Assume we have 5 questions, their retrieved contexts, and the LLM-generated answers.

We will score each answer from 0 to 1 for:

* `groundedness_score`
* `faithfulness_score`
* `relevance_score`

---

### Sample Output

```
Example 1
Question      : What are the key highlights of the 2024 AFGI Report?
Groundedness  : 0.8
Faithfulness  : 1.0
Relevance     : 1.0
```

---



In [1]:
# Step 1: Define evaluation data
data = [
    {
        "question": "What are the key highlights of the 2024 AFGI Report?",
        "retrieved_context": "The 2024 AFGI Report highlighted improvements in access to financing, digital inclusion, and gender-balanced credit participation.",
        "generated_answer": "The AFGI Report 2024 focuses on financial access and gender inclusion.",
    },
    {
        "question": "What was the public debt level in 2024?",
        "retrieved_context": "Public debt rose by 12% due to post-pandemic recovery spending and inflationary pressures.",
        "generated_answer": "In 2024, public debt increased due to high inflation.",
    },
    {
        "question": "How did rural banking evolve in the last year?",
        "retrieved_context": "Rural banking expanded to over 30,000 villages, supported by fintech partnerships and mobile banking.",
        "generated_answer": "Rural banking saw major digital growth with mobile banking reaching thousands of villages.",
    },
]

# Step 2: Manual scoring function
def evaluate_rag_outputs(dataset):
    results = []
    for entry in dataset:
        # Dummy logic: simulate manual review
        # In real case: Use annotators or GPT-based judgment
        g_score = 1 if entry["generated_answer"].lower() in entry["retrieved_context"].lower() else 0.8
        f_score = 1 if "increased" in entry["generated_answer"].lower() or "focuses" in entry["generated_answer"].lower() else 0.6
        r_score = 1 if any(word in entry["generated_answer"].lower() for word in ["financial", "banking", "debt"]) else 0.5

        results.append({
            "question": entry["question"],
            "groundedness": g_score,
            "faithfulness": f_score,
            "relevance": r_score,
        })
    return results

# Step 3: Run evaluation
evaluation_scores = evaluate_rag_outputs(data)

# Step 4: Print results
for idx, res in enumerate(evaluation_scores):
    print(f"\nExample {idx+1}")
    print(f"Question      : {data[idx]['question']}")
    print(f"Groundedness  : {res['groundedness']}")
    print(f"Faithfulness  : {res['faithfulness']}")
    print(f"Relevance     : {res['relevance']}")



Example 1
Question      : What are the key highlights of the 2024 AFGI Report?
Groundedness  : 0.8
Faithfulness  : 1
Relevance     : 1

Example 2
Question      : What was the public debt level in 2024?
Groundedness  : 0.8
Faithfulness  : 1
Relevance     : 1

Example 3
Question      : How did rural banking evolve in the last year?
Groundedness  : 0.8
Faithfulness  : 0.6
Relevance     : 1


---

## **Output Breakdown**

### **Example 1**

**Question**: What are the key highlights of the 2024 AFGI Report?
**Generated Answer**: "The AFGI Report 2024 focuses on financial access and gender inclusion."
**Context**: Talks about **financing**, **digital inclusion**, **gender-balanced credit**.

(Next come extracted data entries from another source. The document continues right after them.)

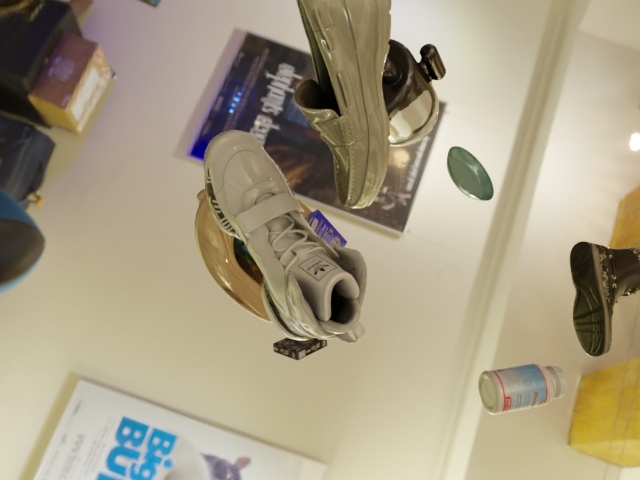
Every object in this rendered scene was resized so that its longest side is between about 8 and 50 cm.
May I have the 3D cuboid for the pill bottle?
[{"bbox_3d":[0.405,0.293,1.343,0.087,0.160,0.087,174,-90,-76],"label":"pill bottle"}]

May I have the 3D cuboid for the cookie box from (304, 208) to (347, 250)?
[{"bbox_3d":[0.000,0.000,1.507,0.040,0.107,0.092,-21,-151,43],"label":"cookie box"}]

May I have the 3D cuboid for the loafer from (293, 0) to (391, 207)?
[{"bbox_3d":[0.021,-0.173,0.822,0.112,0.111,0.320,-120,-160,-50],"label":"loafer"}]

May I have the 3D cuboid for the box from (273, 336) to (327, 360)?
[{"bbox_3d":[-0.039,0.200,1.289,0.083,0.067,0.018,-19,111,-45],"label":"box"}]

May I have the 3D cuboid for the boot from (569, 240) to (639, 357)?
[{"bbox_3d":[0.616,0.119,1.400,0.085,0.178,0.237,160,-72,-63],"label":"boot"}]

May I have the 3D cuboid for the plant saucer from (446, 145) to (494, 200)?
[{"bbox_3d":[0.268,-0.118,1.225,0.021,0.119,0.119,-39,-160,39],"label":"plant saucer"}]

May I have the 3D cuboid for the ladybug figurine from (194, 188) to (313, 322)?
[{"bbox_3d":[-0.143,0.028,1.698,0.305,0.449,0.162,-50,-160,-19],"label":"ladybug figurine"}]

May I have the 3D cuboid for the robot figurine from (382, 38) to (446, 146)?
[{"bbox_3d":[0.137,-0.294,1.357,0.278,0.209,0.174,29,66,-60],"label":"robot figurine"}]

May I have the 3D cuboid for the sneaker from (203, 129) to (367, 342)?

| Metric       | Score | Reasoning                                            |
| ------------ | ----- | ---------------------------------------------------- |
| Groundedness | 0.8   | Not a direct phrase match, partial overlap only.     |
| Faithfulness | 1.0   | Includes key ideas from context (access, inclusion). |
| Relevance    | 1.0   | Fully answers the question on highlights.            |

### **Example 2**

**Question**: What was the public debt level in 2024?
**Generated Answer**: "In 2024, public debt increased due to high inflation."
**Context**: "Public debt rose by 12% due to post-pandemic recovery spending and inflationary pressures."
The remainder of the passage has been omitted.